Concussions are currently diagnosed and monitored based on patients' symptoms and computerized tests that measure thinking skills. Self-reported symptoms of concussion usually include headache, confusion, difficulty concentrating and memory problems. The computer tests measure factors such as attention, verbal skills and learning. The researchers explained that this type of monitoring usually shows that people with a concussion return to normal function after about 10 days.
In conducting the new study, however, the investigators also used a test called motor-evoked potentials (MEPs). The test delivers a pulse of magnetic stimulation to the brain while the person has electrodes attached to their foot or hand. This test allows researchers to measure the amount of time it takes for a person's limb to respond to the signals in their brain.
For the study, the researchers recruited 18 college athletes, half of whom had experienced a concussion within the previous 24 hours. The students were matched for age, gender, sport, player position and whether they ever had a concussion before.

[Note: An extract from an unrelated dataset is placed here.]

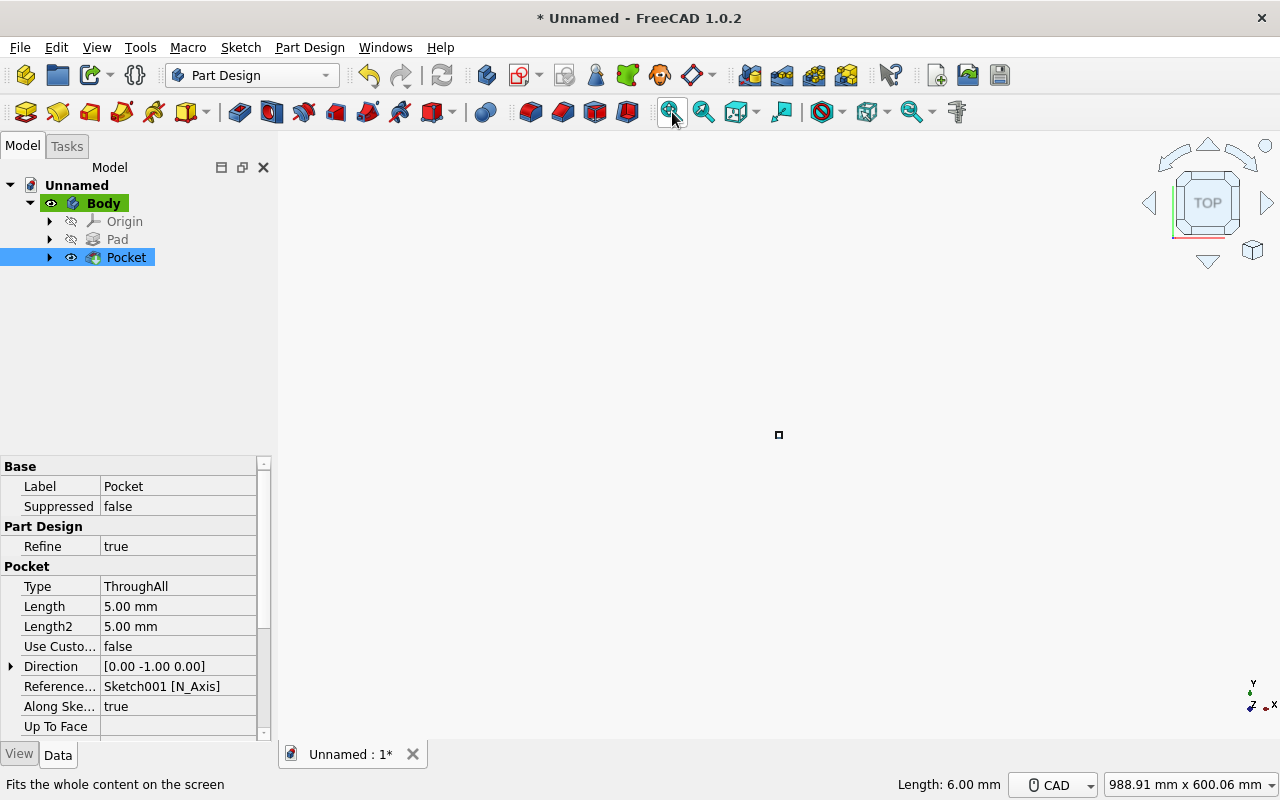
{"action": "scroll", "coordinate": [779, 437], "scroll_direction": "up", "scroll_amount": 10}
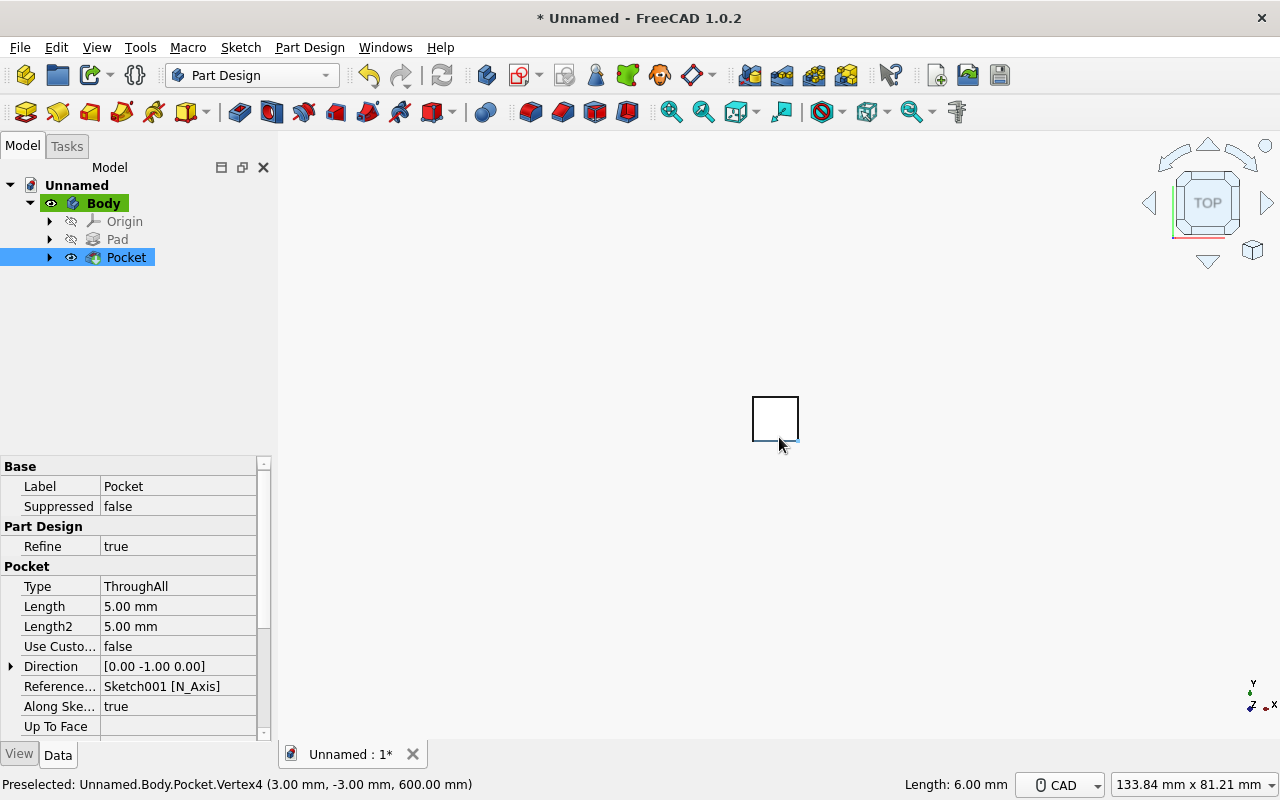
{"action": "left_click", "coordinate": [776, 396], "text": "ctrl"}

Livingston's team also took into account whether the athletes had a learning disability.
Over the course of 10 days, the study authors found that based on self-reported symptoms and standard computerized tests, post-concussion symptoms were more frequent and greater in severity within the first four days. Most students appeared to return to normal or close to normal function after 10 days.
The researchers found, however, that MEP tests revealed delays in physical response time -- even as athletes' concussion symptoms decreased and their thinking skills improved.
The findings, published in the February issue of the Journal of Clinical Neurophysiology, could have significant implications for athletes because their physical reaction time may not improve along with their self-reported concussion symptoms and other brain functions.
"Further investigation of MEPs in concussed athletes is needed, especially to assess how long the disturbances in physiological functioning continue after those initial 10 days post-injury," Livingston said in a University of Kentucky news release. "But in the meantime, sports medicine personnel caring for concussed athletes should be cautious about relying solely on self-reported symptoms and neurocognitive test performances when making return-to-play decisions."